Controlling nanothread backbone structure through precursor design

TL;DR

This paper uses computational design to control the backbone structure of nanothreads by engineering non-covalent interactions in precursor molecules, enabling the formation of heteroatom chains with potential unique properties.

Contribution

It introduces a novel computational approach to precursor design that directs nanothread backbone structure through non-covalent interactions, expanding the possibilities for nanothread properties.

Findings

Functionalized precursors favor heteroatom chain formation

Control over backbone structure via precursor design

Potential for novel properties from heteroatom chains

Abstract

Nanothreads are 1D carbon-based nanomaterials produced by pressure-induced polymerization of multiply unsaturated (and typically aromatic) precursors with multiple bonds between adjacent precursors.
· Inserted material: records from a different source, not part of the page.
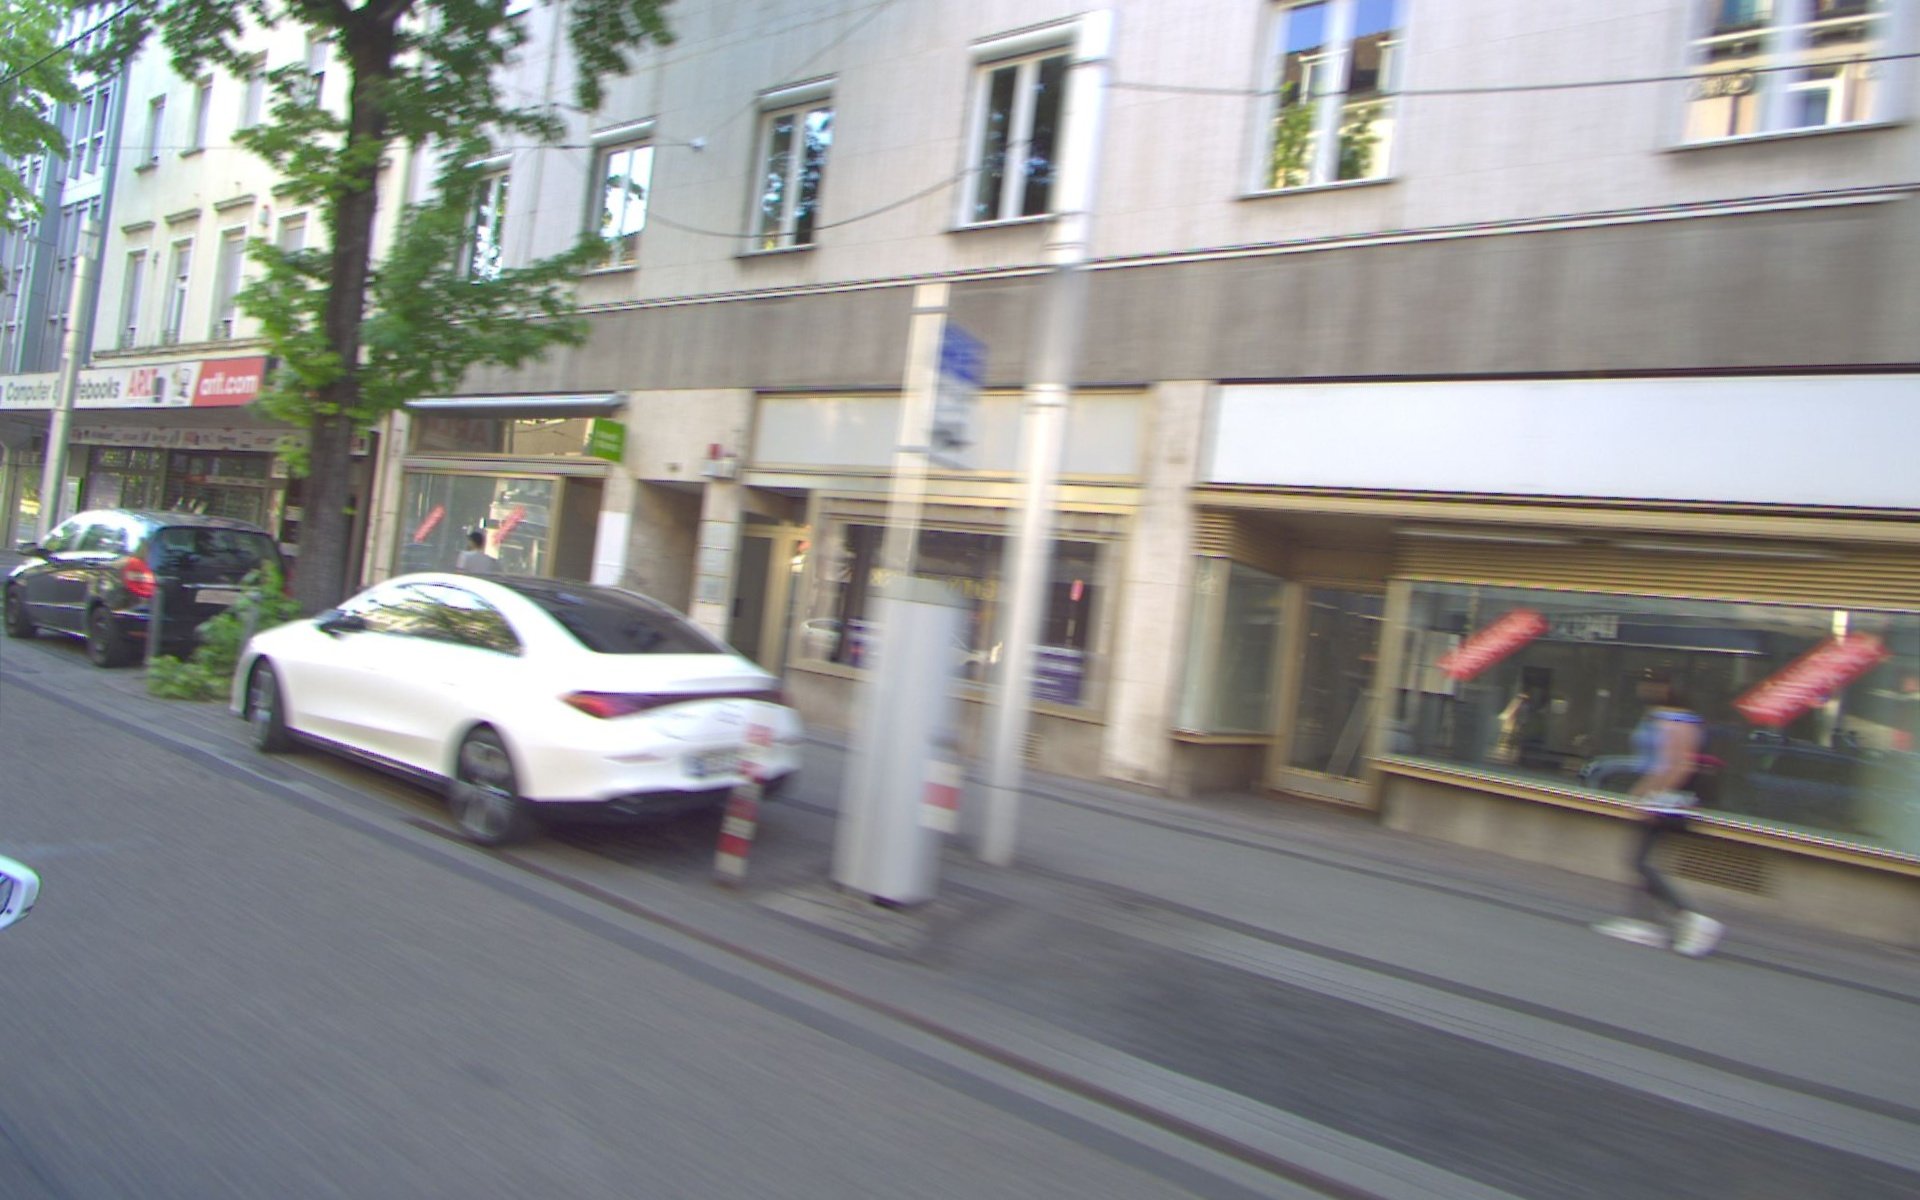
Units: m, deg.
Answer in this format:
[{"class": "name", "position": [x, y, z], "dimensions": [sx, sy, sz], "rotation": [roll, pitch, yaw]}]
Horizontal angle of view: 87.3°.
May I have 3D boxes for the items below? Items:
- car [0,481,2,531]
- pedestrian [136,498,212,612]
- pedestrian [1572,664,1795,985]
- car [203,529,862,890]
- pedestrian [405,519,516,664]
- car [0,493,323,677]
[{"class": "car", "position": [-17.553, -1.242, 16.247], "dimensions": [4.602, 1.783, 1.938], "rotation": [7, 2, 32]}, {"class": "pedestrian", "position": [-12.327, -0.701, 15.771], "dimensions": [0.773, 1.692, 0.643], "rotation": [7, 3, 32]}, {"class": "pedestrian", "position": [4.327, 1.286, 6.099], "dimensions": [0.873, 1.687, 0.658], "rotation": [7, 2, 32]}, {"class": "car", "position": [-3.163, 0.500, 7.096], "dimensions": [4.603, 1.518, 1.993], "rotation": [7, 2, 33]}, {"class": "pedestrian", "position": [-6.604, -0.107, 13.314], "dimensions": [0.917, 1.776, 0.858], "rotation": [7, 3, 32]}, {"class": "car", "position": [-9.197, -0.222, 11.430], "dimensions": [3.827, 1.612, 1.776], "rotation": [7, 2, 32]}]

We computationally design non-covalent interactions between functional groups on thread-forming monomers to control the relative stabilities of different nanothread backbones. In particular, functionalized furan or thiophene precursors are identified that favor nanothreads with oxygen or sulfur atoms arrayed along the same side of the thread backbone, rather than on alternating sides as currently seen experimentally for threads formed from unfunctionalized furan or thiophene. This heteroatom chain provides opportunities for unusual properties arising from a sterically compressed one-dimensional chain of p orbitals.